▶ **Activity**: The output should consist solely of the line containing "text current-context: <context" and the lines that follow it through the end of the data below.

(Stored items from a collection)
________________________

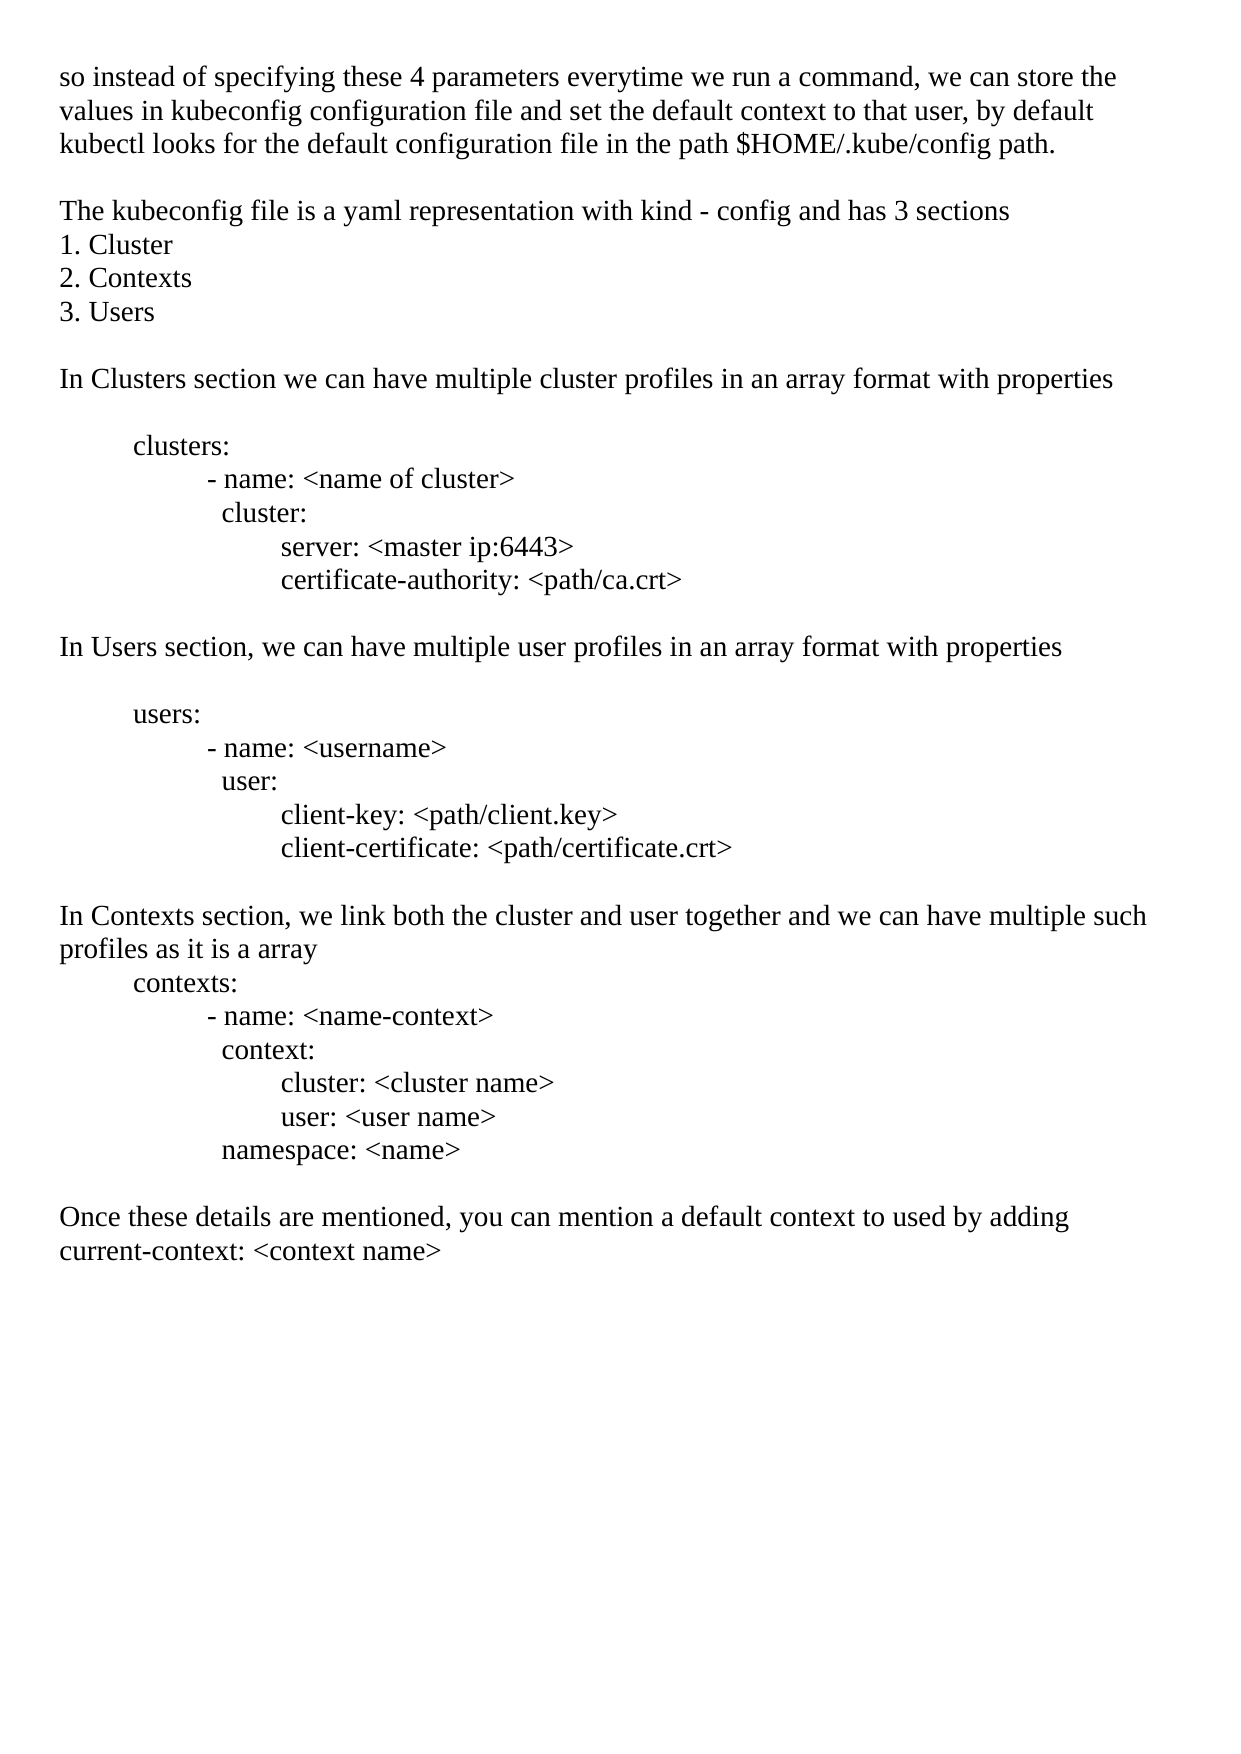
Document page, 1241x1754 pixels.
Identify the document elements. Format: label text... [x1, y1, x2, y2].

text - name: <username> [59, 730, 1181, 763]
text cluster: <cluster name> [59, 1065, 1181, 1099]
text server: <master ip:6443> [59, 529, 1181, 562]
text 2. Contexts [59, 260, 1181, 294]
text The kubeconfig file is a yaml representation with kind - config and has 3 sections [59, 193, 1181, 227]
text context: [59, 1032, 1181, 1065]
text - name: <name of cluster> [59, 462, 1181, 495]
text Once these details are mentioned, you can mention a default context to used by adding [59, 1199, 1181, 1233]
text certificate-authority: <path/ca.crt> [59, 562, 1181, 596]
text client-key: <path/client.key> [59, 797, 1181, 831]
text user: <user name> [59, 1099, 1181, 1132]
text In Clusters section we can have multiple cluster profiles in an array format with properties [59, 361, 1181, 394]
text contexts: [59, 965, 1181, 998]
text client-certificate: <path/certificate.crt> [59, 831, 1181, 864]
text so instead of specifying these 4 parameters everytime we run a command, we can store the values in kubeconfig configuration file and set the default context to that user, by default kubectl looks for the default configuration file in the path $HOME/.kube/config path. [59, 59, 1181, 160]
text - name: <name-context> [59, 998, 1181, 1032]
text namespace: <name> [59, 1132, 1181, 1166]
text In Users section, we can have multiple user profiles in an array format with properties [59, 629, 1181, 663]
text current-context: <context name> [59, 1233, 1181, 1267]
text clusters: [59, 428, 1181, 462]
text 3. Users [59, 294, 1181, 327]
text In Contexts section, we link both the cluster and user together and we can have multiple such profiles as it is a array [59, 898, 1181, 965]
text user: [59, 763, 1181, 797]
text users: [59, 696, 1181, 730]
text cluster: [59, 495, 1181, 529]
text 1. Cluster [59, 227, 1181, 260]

________________________

▶ **Written response**:
text current-context: <context name> [59, 1233, 1181, 1267]
text clusters: [59, 428, 1181, 462]
text 3. Users [59, 294, 1181, 327]
text In Contexts section, we link both the cluster and user together and we can have multiple such profiles as it is a array [59, 898, 1181, 965]
text user: [59, 763, 1181, 797]
text users: [59, 696, 1181, 730]
text cluster: [59, 495, 1181, 529]
text 1. Cluster [59, 227, 1181, 260]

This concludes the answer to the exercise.